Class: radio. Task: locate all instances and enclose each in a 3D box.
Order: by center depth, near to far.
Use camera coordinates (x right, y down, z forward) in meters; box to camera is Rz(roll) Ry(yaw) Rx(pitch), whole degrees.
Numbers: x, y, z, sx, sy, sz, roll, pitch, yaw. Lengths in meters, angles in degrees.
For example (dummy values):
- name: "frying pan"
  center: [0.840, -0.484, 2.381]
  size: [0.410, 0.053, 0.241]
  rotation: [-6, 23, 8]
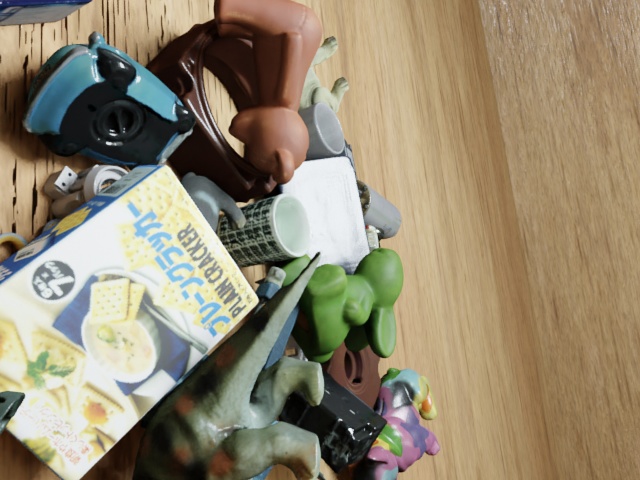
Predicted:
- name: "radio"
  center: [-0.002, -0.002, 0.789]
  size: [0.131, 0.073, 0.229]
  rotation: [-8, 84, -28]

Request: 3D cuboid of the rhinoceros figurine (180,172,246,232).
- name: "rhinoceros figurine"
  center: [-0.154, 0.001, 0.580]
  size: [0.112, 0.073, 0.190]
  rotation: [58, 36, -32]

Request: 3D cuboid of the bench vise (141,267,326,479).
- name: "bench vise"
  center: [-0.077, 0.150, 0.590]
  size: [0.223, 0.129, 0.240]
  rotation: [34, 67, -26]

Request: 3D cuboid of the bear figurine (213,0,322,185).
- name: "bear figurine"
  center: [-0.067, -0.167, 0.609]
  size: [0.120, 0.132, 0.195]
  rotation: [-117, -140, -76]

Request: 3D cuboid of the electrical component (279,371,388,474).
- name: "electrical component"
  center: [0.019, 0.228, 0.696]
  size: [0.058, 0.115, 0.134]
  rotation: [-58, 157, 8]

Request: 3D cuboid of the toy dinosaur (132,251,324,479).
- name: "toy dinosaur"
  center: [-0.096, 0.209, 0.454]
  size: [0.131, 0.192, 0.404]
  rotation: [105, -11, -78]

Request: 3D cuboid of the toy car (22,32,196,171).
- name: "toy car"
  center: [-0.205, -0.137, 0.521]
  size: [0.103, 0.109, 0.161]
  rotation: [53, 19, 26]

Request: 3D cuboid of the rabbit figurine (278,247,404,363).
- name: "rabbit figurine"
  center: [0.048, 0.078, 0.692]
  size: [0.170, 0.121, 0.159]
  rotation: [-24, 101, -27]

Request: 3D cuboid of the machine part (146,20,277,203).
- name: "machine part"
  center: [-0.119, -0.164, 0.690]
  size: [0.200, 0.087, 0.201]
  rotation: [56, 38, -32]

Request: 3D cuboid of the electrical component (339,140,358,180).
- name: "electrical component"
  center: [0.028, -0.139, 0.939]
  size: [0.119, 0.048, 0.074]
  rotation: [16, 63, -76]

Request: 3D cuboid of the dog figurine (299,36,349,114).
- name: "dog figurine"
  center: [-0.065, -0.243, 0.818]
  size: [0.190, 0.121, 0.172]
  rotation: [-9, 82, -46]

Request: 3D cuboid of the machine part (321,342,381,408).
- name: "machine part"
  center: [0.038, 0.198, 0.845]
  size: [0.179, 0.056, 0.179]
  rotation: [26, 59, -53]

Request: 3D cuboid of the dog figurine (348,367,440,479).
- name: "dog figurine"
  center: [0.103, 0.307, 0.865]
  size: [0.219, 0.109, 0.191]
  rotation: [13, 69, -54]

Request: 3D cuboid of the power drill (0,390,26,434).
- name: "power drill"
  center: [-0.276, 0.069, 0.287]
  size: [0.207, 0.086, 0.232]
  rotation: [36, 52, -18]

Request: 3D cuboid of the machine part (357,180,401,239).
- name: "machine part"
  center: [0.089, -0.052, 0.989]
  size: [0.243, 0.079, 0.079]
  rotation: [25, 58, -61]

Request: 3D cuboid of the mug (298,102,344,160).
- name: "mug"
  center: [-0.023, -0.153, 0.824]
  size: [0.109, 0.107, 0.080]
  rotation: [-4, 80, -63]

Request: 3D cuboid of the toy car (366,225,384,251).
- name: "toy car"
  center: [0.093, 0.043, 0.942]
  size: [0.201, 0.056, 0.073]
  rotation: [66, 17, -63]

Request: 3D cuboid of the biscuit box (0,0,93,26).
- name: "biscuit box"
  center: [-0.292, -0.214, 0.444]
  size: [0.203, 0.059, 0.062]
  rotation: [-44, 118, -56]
⁂
Pick every line of the data that includes the string "degrees".

### WRITTEN RESPONSE
Use camera coordinates (x right, y down, z forward) in meters; box to camera is Rz(roll) Ry(yaw) Rx(pitch), whole degrees.
Numbers: x, y, z, sx, sy, sz, roll, pitch, yaw. Lengths in meters, angles in degrees.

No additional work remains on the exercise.